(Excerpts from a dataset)
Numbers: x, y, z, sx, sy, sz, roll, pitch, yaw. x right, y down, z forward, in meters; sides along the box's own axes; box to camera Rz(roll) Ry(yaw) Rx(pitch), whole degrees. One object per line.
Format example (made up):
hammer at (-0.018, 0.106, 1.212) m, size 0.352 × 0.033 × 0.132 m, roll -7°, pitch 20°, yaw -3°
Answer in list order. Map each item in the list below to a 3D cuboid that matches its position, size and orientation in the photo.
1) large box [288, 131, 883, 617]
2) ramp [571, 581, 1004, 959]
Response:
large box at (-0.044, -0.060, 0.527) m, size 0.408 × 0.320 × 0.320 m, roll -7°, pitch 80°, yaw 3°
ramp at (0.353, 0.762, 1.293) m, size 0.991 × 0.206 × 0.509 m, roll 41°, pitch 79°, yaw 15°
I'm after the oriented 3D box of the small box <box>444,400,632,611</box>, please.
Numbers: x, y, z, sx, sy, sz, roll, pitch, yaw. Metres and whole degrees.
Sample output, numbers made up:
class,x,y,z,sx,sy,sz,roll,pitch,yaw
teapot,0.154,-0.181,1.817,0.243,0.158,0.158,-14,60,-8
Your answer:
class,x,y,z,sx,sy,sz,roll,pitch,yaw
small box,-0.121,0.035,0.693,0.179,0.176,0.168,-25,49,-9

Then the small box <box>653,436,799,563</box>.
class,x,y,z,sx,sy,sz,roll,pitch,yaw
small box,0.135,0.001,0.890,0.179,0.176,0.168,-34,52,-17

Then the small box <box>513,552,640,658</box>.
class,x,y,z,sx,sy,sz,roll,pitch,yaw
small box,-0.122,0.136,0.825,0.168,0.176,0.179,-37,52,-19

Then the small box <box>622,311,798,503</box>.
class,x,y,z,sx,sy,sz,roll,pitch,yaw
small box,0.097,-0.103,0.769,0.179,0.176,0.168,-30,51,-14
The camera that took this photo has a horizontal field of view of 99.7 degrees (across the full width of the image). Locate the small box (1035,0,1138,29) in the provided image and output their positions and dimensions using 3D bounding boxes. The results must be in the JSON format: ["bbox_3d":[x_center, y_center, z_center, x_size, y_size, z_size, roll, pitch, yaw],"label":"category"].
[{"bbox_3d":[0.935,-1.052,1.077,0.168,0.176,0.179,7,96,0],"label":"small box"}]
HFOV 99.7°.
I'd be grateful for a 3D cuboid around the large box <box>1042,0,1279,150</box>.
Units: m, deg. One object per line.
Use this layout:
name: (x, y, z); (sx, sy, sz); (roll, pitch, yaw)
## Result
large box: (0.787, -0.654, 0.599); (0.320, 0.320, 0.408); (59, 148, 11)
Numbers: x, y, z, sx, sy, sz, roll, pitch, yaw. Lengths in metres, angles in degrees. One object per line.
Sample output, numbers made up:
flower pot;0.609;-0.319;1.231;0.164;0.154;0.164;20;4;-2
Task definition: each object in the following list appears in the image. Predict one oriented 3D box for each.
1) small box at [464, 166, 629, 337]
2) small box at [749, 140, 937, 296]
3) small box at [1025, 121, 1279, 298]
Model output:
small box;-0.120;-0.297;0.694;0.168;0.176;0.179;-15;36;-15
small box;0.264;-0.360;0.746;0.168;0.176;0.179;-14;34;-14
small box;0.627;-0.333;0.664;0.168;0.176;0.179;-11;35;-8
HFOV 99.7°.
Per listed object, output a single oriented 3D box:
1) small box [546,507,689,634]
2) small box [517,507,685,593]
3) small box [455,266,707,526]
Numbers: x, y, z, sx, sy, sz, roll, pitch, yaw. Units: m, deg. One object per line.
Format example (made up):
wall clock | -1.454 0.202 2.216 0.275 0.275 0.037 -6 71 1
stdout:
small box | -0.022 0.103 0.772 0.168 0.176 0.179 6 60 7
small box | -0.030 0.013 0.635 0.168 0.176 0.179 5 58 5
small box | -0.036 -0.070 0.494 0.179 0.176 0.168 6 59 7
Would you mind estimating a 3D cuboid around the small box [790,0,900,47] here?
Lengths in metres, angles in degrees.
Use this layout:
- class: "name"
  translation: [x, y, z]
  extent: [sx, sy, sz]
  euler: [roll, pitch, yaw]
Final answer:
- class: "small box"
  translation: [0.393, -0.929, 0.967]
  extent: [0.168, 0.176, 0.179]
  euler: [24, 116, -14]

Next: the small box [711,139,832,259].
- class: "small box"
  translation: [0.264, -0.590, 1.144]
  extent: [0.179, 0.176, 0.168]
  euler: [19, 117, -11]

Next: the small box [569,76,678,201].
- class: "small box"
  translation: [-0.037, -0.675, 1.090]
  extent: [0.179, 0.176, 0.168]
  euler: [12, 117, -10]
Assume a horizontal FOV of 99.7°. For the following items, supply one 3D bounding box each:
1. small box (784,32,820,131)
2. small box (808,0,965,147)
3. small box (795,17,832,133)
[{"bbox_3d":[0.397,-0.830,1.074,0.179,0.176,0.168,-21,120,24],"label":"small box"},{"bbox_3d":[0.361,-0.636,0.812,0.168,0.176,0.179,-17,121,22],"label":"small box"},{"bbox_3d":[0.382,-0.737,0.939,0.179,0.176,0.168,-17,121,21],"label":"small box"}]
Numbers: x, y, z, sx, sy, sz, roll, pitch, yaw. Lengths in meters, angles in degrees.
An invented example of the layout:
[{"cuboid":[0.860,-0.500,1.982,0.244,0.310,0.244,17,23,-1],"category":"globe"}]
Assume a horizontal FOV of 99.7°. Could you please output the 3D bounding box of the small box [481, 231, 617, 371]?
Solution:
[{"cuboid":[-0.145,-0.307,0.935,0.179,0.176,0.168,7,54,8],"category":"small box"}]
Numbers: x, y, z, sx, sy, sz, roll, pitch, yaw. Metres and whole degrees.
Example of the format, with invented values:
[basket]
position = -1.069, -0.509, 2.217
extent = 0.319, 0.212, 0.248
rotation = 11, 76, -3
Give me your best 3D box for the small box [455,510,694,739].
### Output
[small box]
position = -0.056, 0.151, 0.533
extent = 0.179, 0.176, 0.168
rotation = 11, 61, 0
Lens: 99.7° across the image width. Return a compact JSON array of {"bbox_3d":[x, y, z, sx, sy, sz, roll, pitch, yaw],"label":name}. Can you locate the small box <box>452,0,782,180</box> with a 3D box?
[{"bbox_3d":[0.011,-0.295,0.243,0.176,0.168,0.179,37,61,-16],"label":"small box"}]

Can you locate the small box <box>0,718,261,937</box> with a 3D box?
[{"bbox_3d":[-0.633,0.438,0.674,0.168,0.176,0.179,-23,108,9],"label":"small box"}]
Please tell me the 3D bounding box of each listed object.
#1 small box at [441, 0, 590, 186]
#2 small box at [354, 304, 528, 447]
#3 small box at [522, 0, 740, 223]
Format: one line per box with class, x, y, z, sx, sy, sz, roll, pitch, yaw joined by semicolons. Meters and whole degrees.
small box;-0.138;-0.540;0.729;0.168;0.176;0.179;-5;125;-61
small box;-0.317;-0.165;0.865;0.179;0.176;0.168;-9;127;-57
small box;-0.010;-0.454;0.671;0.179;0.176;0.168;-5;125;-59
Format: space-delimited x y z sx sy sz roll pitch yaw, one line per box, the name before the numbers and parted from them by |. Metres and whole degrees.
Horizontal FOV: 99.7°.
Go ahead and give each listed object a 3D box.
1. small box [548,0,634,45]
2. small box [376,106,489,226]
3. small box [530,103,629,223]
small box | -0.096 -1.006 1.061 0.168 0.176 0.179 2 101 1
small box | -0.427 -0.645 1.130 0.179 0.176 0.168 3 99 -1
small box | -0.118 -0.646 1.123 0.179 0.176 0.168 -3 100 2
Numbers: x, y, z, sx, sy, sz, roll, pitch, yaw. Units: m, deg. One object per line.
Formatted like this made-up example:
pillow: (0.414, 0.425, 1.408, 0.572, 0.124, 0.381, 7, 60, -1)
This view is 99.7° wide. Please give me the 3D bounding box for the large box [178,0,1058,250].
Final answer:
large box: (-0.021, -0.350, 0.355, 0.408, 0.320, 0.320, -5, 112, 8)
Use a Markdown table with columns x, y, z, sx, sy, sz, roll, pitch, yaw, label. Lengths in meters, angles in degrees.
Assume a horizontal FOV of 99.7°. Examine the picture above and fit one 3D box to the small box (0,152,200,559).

● **What is expected**: Each line from the top of the records down to the one with "hammer at (-0.018, 0.106, 1.212)" must be retyped exactly; include both ends and nothing else.

● **Response to this task**:
Numbers: x, y, z, sx, sy, sz, roll, pitch, yaw. x right, y down, z forward, in meters; sides along the box's own axes; box to camera Rz(roll) Ry(yaw) Rx(pitch), whole degrees. One object per line.
Format example (made up):
hammer at (-0.018, 0.106, 1.212) m, size 0.352 × 0.033 × 0.132 m, roll -7°, pitch 20°, yaw -3°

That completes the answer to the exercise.